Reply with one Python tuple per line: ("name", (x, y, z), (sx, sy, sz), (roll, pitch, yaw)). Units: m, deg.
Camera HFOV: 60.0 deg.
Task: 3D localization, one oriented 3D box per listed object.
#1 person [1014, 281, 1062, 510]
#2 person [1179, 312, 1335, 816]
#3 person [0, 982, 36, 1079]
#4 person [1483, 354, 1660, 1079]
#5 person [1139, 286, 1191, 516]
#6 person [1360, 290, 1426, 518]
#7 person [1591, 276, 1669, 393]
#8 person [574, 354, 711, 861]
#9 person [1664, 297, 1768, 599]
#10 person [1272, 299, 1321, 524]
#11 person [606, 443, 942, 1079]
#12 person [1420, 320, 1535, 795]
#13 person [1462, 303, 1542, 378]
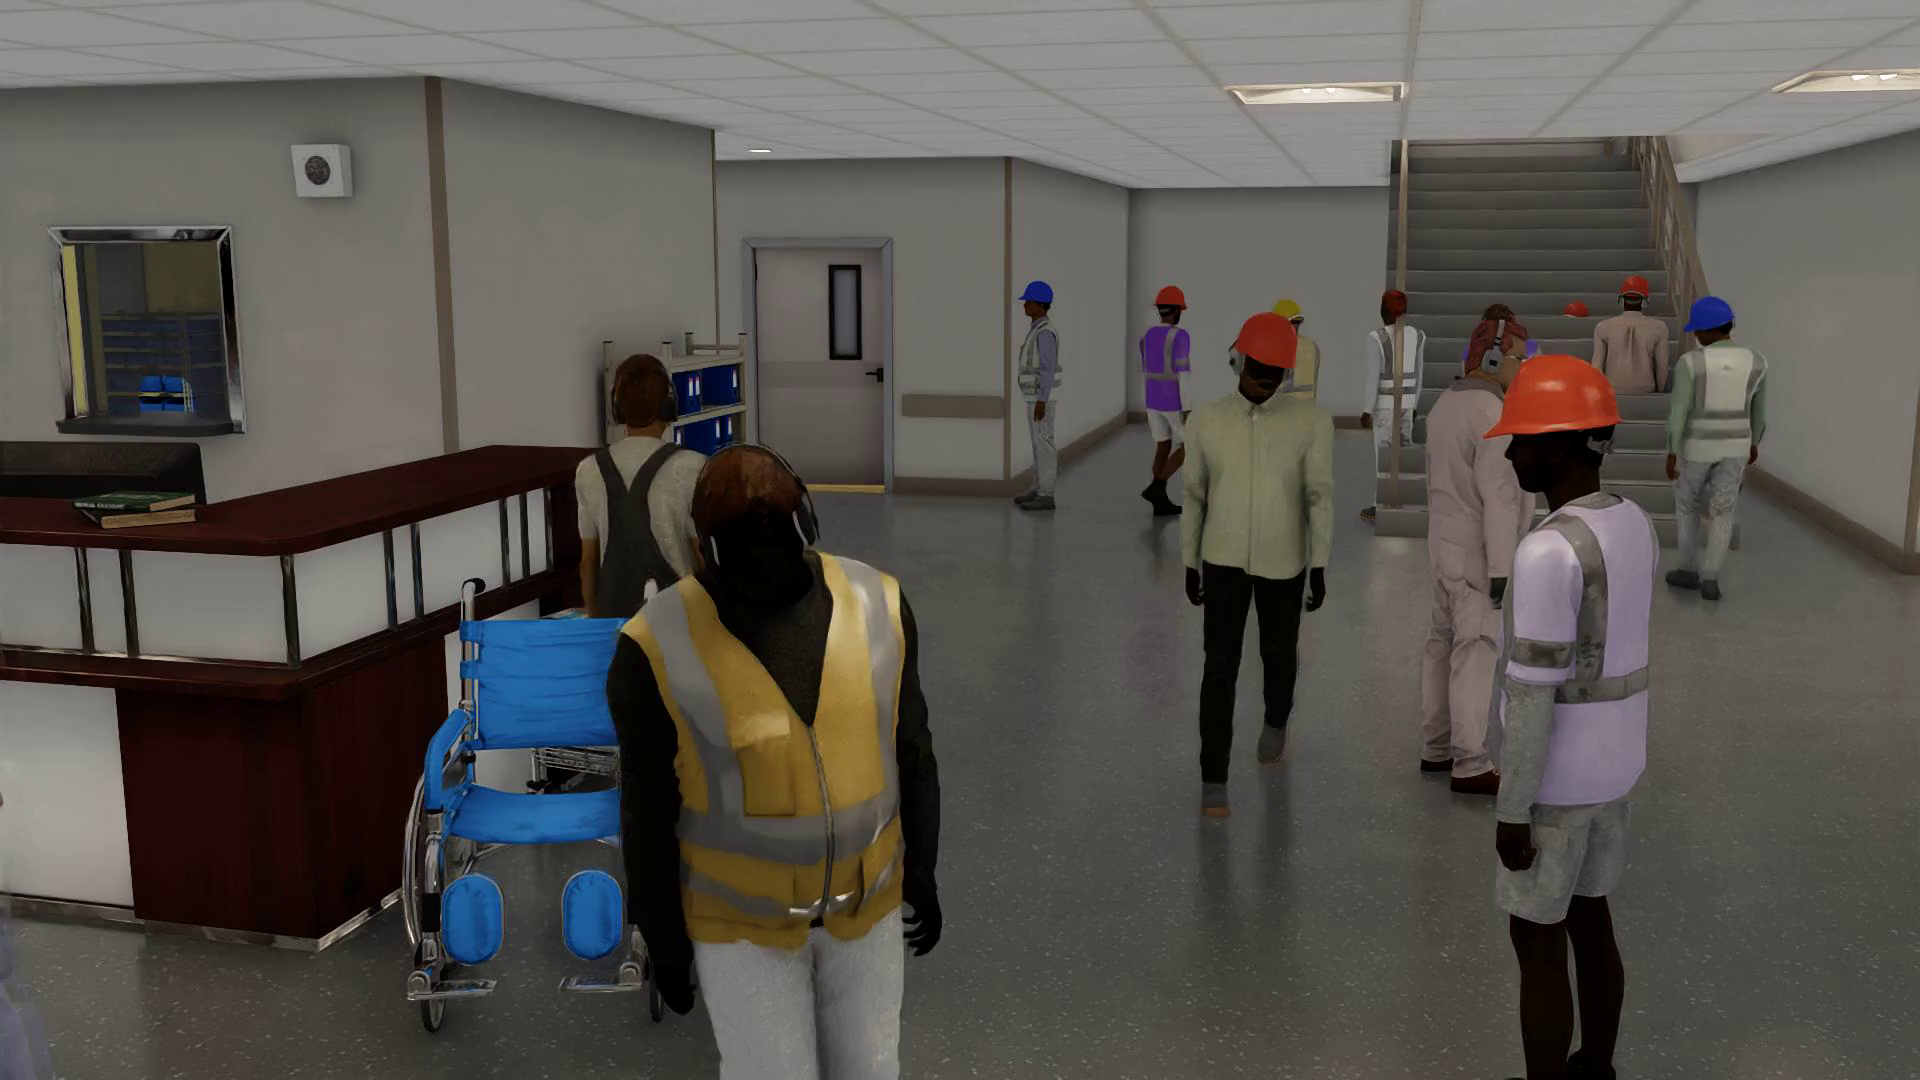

****

• [WHAT TO WORK ON]:
The answer should consist of all the records, duplicated exactly, with no images included.

• [EXERCISE RESPONSE]:
Reply with one Python tuple per line: ("name", (x, y, z), (sx, sy, sz), (roll, pitch, yaw)). Units: m, deg.
Camera HFOV: 60.0 deg.
Task: 3D localization, one oriented 3D box per listed object.
#1 person [1014, 281, 1062, 510]
#2 person [1179, 312, 1335, 816]
#3 person [0, 982, 36, 1079]
#4 person [1483, 354, 1660, 1079]
#5 person [1139, 286, 1191, 516]
#6 person [1360, 290, 1426, 518]
#7 person [1591, 276, 1669, 393]
#8 person [574, 354, 711, 861]
#9 person [1664, 297, 1768, 599]
#10 person [1272, 299, 1321, 524]
#11 person [606, 443, 942, 1079]
#12 person [1420, 320, 1535, 795]
#13 person [1462, 303, 1542, 378]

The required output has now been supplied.